Before turning to the piano, Kamar was MCing, DJing and making Garage music with his friends, dreaming of making “smash hits”. He made the shift to the piano partly because he felt that the Garage scene was getting increasingly policed. “It was completely shut down in London,” he says.

And while he was “incredibly supported” by his friends and family when he decided to pursue music – though at first “everybody says you're crazy. And that's the point” – he still wishes that there had been someone, or a better educational structure, to teach him that there was a viable career available in music.

This could be the reason that Kamar takes such care with younger people coming up in the scene; Taylor says she is “constantly inspired by his dedication to craft and learning, which is only matched by his willingness to help everyone else out around him”.

He becomes animated when talking about the young artists he has performed with, and supported, in the public spaces, such as 18-year-old singer and pianist Camden Stewart. “I met Camden a year ago... now Camden’s got 1.6 million followers on Tik Tok.” In his videos he is often joined by a range of musicians, including London singer-songwriter Kaia Laurielle, cellist Matrick Thorpe, and musician Enkay.

It’s clear that Kamar is interested in social issues beyond education, having made music with British rapper and activist Lowkey, with their song names including Ghosts of Grenfell and Terrorist?, and having performed at Radio 1Xtra’s Grenfell Session.

But unlike Lowkey, Kamar sees his activism and his solo music-making as being separate entities: “When I’m sitting here playing the piano, I’m not making a racial statement,” he says.

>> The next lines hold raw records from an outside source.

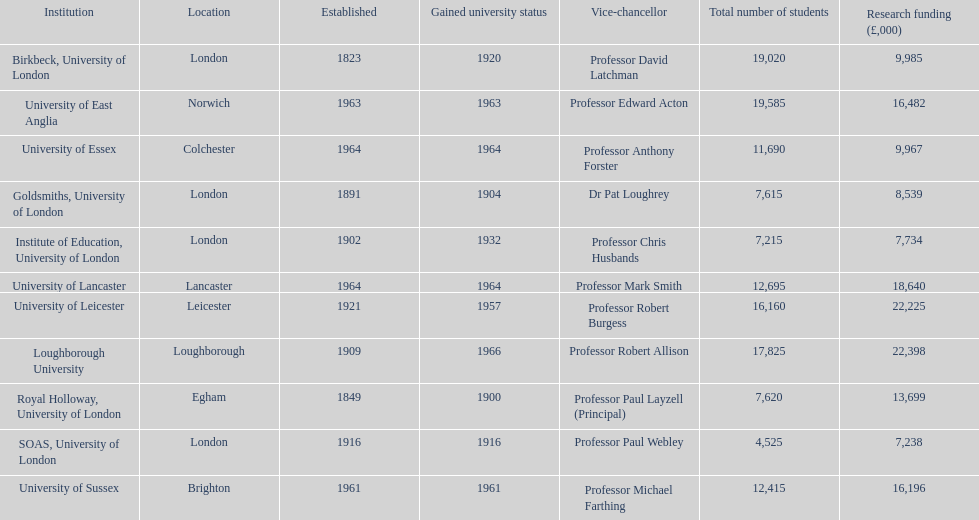Which institution has newly achieved university status? Loughborough University. 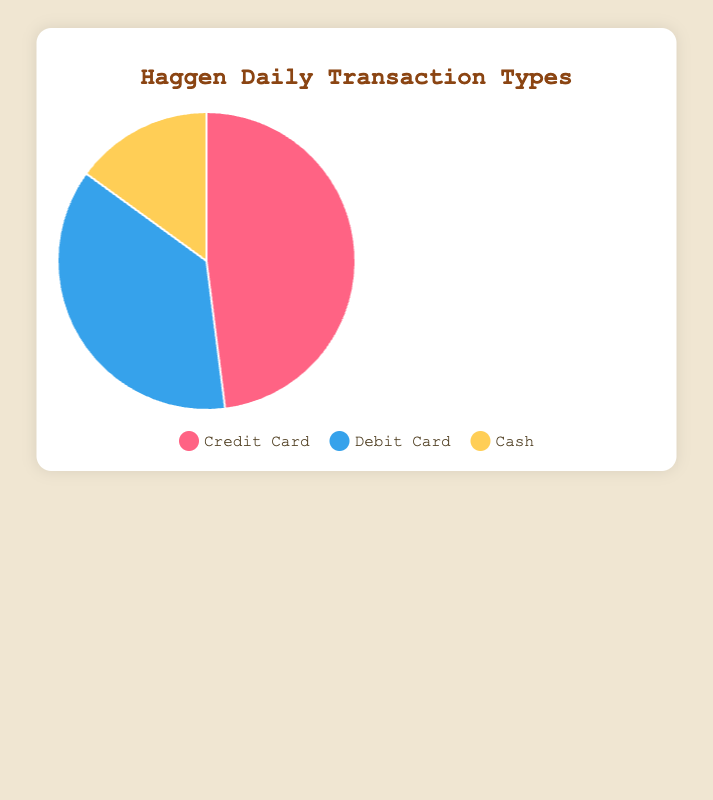What's the percentage of transactions made with Debit Cards? Refer to the figure which shows the distribution of transaction types. The part of the pie chart labeled "Debit Card" occupies 37%.
Answer: 37% Which type of transaction is the least common? Look at the pie chart and identify the smallest slice. The "Cash" slice is the smallest, indicating it is the least common.
Answer: Cash Are Credit Card transactions more common than Cash and Debit Card transactions combined? Compare the sum of the percentages for Cash and Debit Card transactions to that of Credit Card transactions. Cash (15%) + Debit Card (37%) = 52%, which is greater than the 48% for Credit Card transactions.
Answer: No What is the ratio of Credit Card to Debit Card transactions? Divide the percentage of Credit Card transactions by that of Debit Card transactions. 48% / 37% = approximately 1.3.
Answer: About 1.3 How much more popular are Credit Card transactions than Cash transactions by percentage? Subtract the percentage of Cash transactions from the percentage of Credit Card transactions. 48% - 15% = 33%.
Answer: 33% Which color represents Cash transactions in the pie chart? Look at the legend below the chart, which maps transaction types to colors. The color corresponding to "Cash" is yellow.
Answer: Yellow What percentage of transactions are made with either Credit Cards or Cash? Combine the percentages of Credit Card and Cash transactions. 48% (Credit Card) + 15% (Cash) = 63%.
Answer: 63% Which transaction type has a blue color in the chart? Refer to the legend that denotes which color is associated with which transaction type. The color blue is mapped to Debit Card.
Answer: Debit Card If there were 1000 transactions in a day, how many of those would be done using Debit Cards? Calculate 37% of 1000 transactions. (37/100) * 1000 = 370 transactions.
Answer: 370 What's the difference in percentage between the highest and the lowest transaction types? Determine the difference between the highest percentage (Credit Card: 48%) and the lowest (Cash: 15%). 48% - 15% = 33%.
Answer: 33%

Stereotypes are, he says, not his issue – they’re the problem of the person trying to push them onto him.

He will be “an activist outside of piano”, going on marches and talking about racism and sexism, and how they affect people’s lives. But he adds that he, “never went to the piano as activism”.

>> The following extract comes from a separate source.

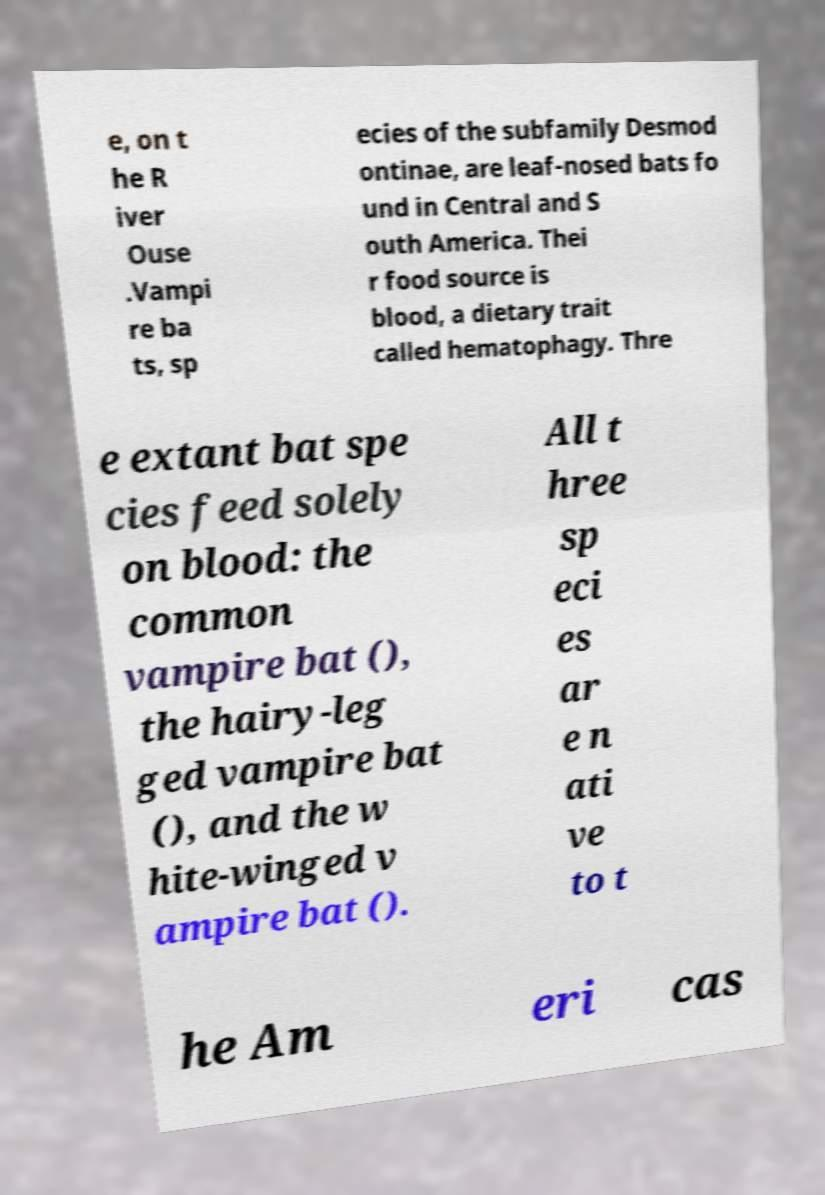Please identify and transcribe the text found in this image. e, on t he R iver Ouse .Vampi re ba ts, sp ecies of the subfamily Desmod ontinae, are leaf-nosed bats fo und in Central and S outh America. Thei r food source is blood, a dietary trait called hematophagy. Thre e extant bat spe cies feed solely on blood: the common vampire bat (), the hairy-leg ged vampire bat (), and the w hite-winged v ampire bat (). All t hree sp eci es ar e n ati ve to t he Am eri cas 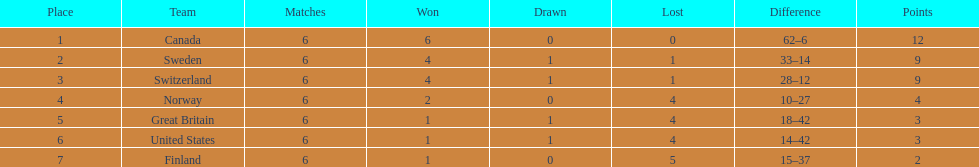In the 1951 world ice hockey championships, did switzerland or great britain have a better performance? Switzerland.

Kamar now has a multitude of projects under his belt including playing at the British Innovation Awards and the British Fashion Awards in 2019 and there are plenty more in the works. He’s filming something secret the day after we meet, has just returned from the US having played there over the holiday season, and has another album coming out in a few months. One thing is clear: quitting his job, and wholeheartedly pursuing music, was a pretty smart decision.